Elección judicial: ¿qué podemos hacer?
En otros momentos he sostenido que participar en la elección judicial es la decisión ética para evidenciar los problemas de diseño de la reforma, contener las implicaciones en términos de captura total de la función jurisdiccional y preservar los rasgos de identidad –separación de poderes, garantía de los derechos fundamentales y pluralismo democrático– de nuestro convaleciente Estado constitucional.
La abstención, por el contrario, facilita que los poderes fácticos y las aplanadoras –clientelares, corporativas y criminales– impongan a todos los juzgadores del país; esto es que una minoría movilizada de un dígito de participación electoral implante facciones que tengan la última palabra en la decisión del contenido del derecho y en la adjudicación de nuestros derechos.
Pero resuelto el dilema en el sentido de la participación, surge inevitablemente la pregunta sobre las reglas, los derechos, los canales y los instrumentos que posibilitan a los ciudadanos a involucrarse activamente en la defensa de principios, causas y, en general, de los valores en juego en la inédita elección judicial.
A diferencia de los procesos para renovar a los poderes Ejecutivo y Legislativo, el nuevo modelo judicial excluye expresamente a los partidos políticos de cualquier forma de intervención en la elección. Efectivamente, están impedidos para postular candidatos y promover el voto bajo una plataforma común y, también, para realizar las actividades de vigilancia y de defensa de los intereses directos y difusos que se afectan o ponen en peligro por actos u omisiones de las autoridades o por las conductas desplegadas por los competidores. Por ejemplo, en la elección judicial no existe, como sí sucede en las otras elecciones, un representante ante los consejos del órgano electoral habilitado para debatir la regulación administrativa, las decisiones organizativas o la instrucción y resolución de procedimientos sancionatorios.
En ese sentido, cada candidatura judicial es en sí misma un partido político para el ejercicio de sus derechos, el goce de sus prerrogativas –todavía en duda– y para el cumplimiento de las reglas del juego. Parte de la lógica institucional de los sistemas de partidos es que éstos pagan las consecuencias jurídicas de los actos de sus militantes, simpatizantes y candidatos. Enfrentan, por tanto, incentivos a asumir internamente deberes de cuidado e implementar acciones preventivas y correctivas de disciplina para evitar precisamente esas consecuencias.
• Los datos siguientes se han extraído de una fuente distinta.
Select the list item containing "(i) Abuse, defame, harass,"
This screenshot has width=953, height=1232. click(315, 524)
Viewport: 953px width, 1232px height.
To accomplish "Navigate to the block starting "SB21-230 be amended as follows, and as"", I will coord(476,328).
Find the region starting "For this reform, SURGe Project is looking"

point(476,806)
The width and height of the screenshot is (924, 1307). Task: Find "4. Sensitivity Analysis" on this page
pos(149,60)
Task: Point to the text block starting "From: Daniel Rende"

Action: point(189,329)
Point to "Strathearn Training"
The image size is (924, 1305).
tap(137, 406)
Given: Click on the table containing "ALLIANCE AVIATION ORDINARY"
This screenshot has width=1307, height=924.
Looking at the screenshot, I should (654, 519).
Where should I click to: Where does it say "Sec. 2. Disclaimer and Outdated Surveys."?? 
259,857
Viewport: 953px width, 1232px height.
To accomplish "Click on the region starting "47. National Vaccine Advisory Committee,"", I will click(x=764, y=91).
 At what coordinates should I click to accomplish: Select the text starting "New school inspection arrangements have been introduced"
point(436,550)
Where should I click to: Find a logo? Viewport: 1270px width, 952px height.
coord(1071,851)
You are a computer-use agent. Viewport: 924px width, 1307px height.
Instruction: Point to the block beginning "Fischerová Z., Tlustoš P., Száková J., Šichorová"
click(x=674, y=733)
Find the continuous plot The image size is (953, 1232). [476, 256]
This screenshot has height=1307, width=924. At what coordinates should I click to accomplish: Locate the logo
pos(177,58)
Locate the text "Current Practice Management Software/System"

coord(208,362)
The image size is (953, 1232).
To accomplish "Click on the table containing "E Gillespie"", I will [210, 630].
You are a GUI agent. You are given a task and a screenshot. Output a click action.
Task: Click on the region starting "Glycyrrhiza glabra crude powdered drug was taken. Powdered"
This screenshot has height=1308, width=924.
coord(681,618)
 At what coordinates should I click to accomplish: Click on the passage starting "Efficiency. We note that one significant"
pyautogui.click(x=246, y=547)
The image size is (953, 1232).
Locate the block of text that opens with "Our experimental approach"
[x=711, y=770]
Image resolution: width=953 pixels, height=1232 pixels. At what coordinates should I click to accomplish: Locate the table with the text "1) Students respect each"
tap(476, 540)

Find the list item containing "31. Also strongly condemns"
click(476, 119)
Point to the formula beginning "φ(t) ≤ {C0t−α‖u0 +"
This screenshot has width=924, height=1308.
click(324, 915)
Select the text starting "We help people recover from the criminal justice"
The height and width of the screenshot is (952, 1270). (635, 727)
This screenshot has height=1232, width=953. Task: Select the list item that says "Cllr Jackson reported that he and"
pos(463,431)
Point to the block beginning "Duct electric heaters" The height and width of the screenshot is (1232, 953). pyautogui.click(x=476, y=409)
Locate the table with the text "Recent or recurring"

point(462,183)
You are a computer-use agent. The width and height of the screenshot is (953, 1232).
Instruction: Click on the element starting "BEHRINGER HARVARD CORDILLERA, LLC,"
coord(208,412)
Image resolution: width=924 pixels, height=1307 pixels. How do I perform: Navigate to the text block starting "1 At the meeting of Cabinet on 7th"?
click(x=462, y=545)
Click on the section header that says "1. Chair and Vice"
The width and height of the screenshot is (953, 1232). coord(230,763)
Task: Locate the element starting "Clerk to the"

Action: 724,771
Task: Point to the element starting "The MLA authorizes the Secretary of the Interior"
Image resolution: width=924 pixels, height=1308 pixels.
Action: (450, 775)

Pero, al mismo tiempo, la competencia política entre los partidos se traslada inevitablemente al terreno de las controversias jurídicas y litigiosas por el cumplimiento de la ley. Esa supervisión recíproca aumenta el riesgo y tiende a equilibrios virtuosos. Los partidos se desenvuelven, en buena medida, como contralores de la lealtad democrática del proceso.
El modelo judicial excluyó a los partidos, pero no a otras formas de asociación para fines políticos. Las agrupaciones políticas nacionales –y locales–, dice la ley, “coadyuvan al desarrollo de la vida democrática y de la cultura política, así como a la creación de una opinión pública mejor informada”. Tienen derechos específicos de participación en procesos electorales, sin que se les pueda aplicar por analogía o mayoría de razón la exclusión hecha a los partidos políticos.
Una agrupación política nacional para la elección judicial es el vehículo institucional, transparente, regulado y fiscalizado para organizar no sólo a los candidatos que se identifiquen con un sistema de valores y que estén dispuestos a defenderlo, sino también a los ciudadanos que no se rindan ante la apatía, el miedo o la inevitabilidad de la cargada. Un espacio para promover el voto por los candidatos auténticamente republicanos que ejerzan su libertad desde la independencia, para vigilar a la autoridad electoral y para denunciar la intervención del poder, sobre todo del dinero público y las fuentes de financiamiento extralegal. Una estructura cívica equipada de convicción y voluntad para multiplicar los esfuerzos colectivos.
Las nuevas reglas del juego exigen actitudes pragmáticas. Aprovechar estratégicamente los márgenes que da la ley. Esas resorteras que de pronto tumban gigantes de una pedrada.